The problem is that in many cases the drama is not really there. It is imagined, instinctive -- ghostly like pain in a missing leg. And there are only so many times you can leave your audience hanging that way.

Fortunately, Roberts' later poems recover and show less of a tendency to fall for the easy ending, the cliched past tense. He does the hard work that is needed and his poems show it.
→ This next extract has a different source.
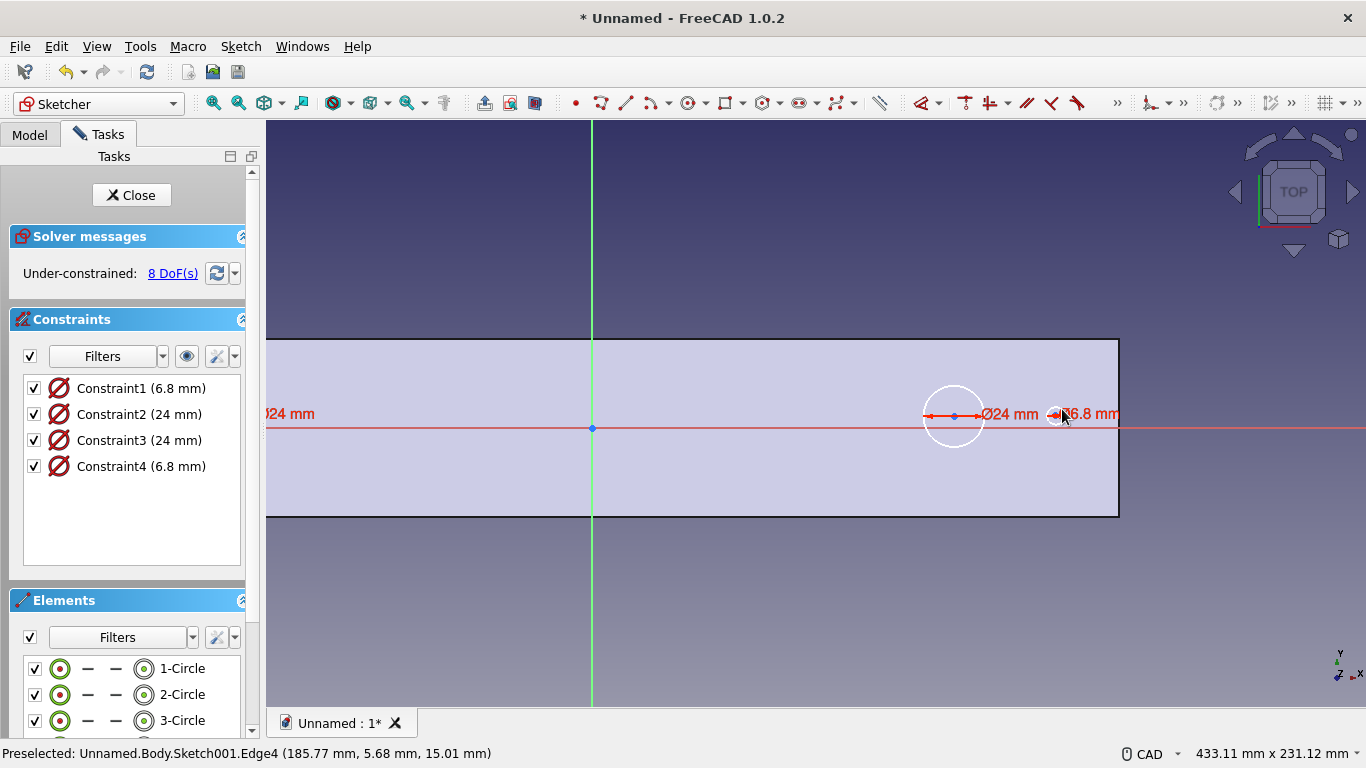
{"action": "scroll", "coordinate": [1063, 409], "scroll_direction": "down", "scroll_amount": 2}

As counterpoint, another poet, Sharon Olds, tends in the other direction. Her poems are hewn from the pain, suffering, and terminal illnesses of what seem like an endless collection of family members and other relatives. At first you are taken aback by Olds' frank portrayal of disease and dysfunction. But it doesn't take you long to start doubting everything -- her reactions, the situation itself. There is just too much dissolution and too much hardened angst to believe it would be written this way -- whether real or imagined.

I am not saying Sharon Olds' family hasn't suffered the many mishaps she describes. (I have no idea whether her poems are autobiographical, fictional, or a combination of both. It is not my job as a reader to know that.) I am also not refuting any emotional response she personally may have had to the events described. But as art, the poems rely far too heavily on the reader's visceral reaction to serious illness and drama (and the narrators' reaction to it) and do far too little to weave it into an artistic vision. The poems are blunt, harsh. But their bluntness is the bluntness of a dull weapon, not of raw beauty.

In the end, poetry, like any art, is hard work. No matter how easy the end result appears. Avoiding the quick fix, the emotion-laden set piece, is part of the artist's job, so as not to play fast and loose with the audience's "willing suspension of disbelief".